16. The computer-implemented method of claim 1, wherein the distributed join corresponds to a shared hash table join, and wherein the obtained data corresponds to a shared hash table generated based on the multiple hosts writing a respective portion of the shared hash table to the CXL memory, and further comprising probing one or more probe partitions against the shared hash table.
17. The computer-implemented method of claim 16, wherein writing, by the first host device, the respective portion of the shared hash table is based on verifying a synchronization mechanism.
18. A device for performing a distributed join in a database system that includes multiple host devices, comprising:
one or more memories configured to store instructions; and
one or more processors communicatively coupled with the one or more memories, wherein the one or more processors are configured to:
access a compute express link (CXL) memory to obtain data written to the CXL memory by at least a second device of the multiple host devices; and
perform, based on the obtained data, the distributed join.

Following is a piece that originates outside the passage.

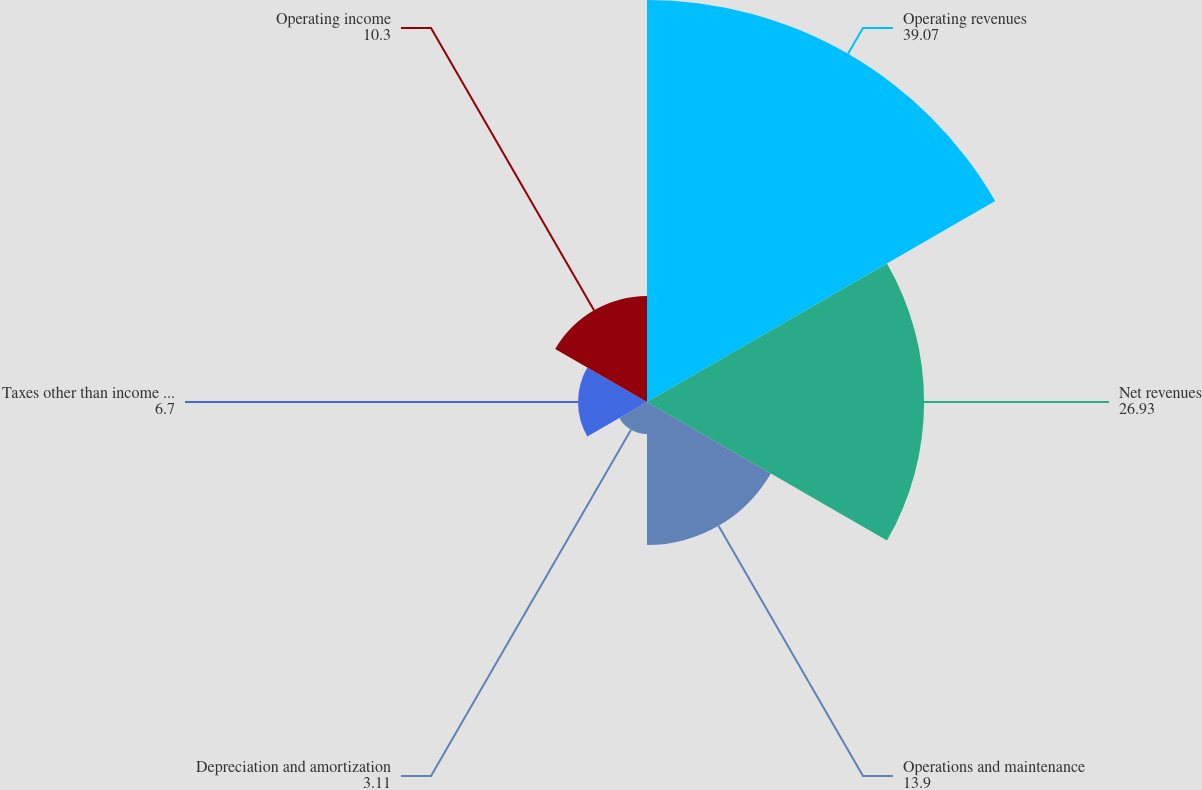Convert chart to OTSL. <chart><loc_0><loc_0><loc_500><loc_500><pie_chart><fcel>Operating revenues<fcel>Net revenues<fcel>Operations and maintenance<fcel>Depreciation and amortization<fcel>Taxes other than income taxes<fcel>Operating income<nl><fcel>39.07%<fcel>26.93%<fcel>13.9%<fcel>3.11%<fcel>6.7%<fcel>10.3%<nl></chart>

19. The device of claim 18, wherein the CXL memory includes a portion of memory for each host device of the multiple host devices.
20. A computer-readable medium comprising code executable by one or more processors for performing a distributed join in a database system that includes multiple host devices, the code comprising code for:
accessing, by a first host device of the multiple host devices, a compute express link (CXL) memory to obtain data written to the CXL memory by at least a second host device of the multiple host devices; and
performing, by the first host device and based on the obtained data, the distributed join.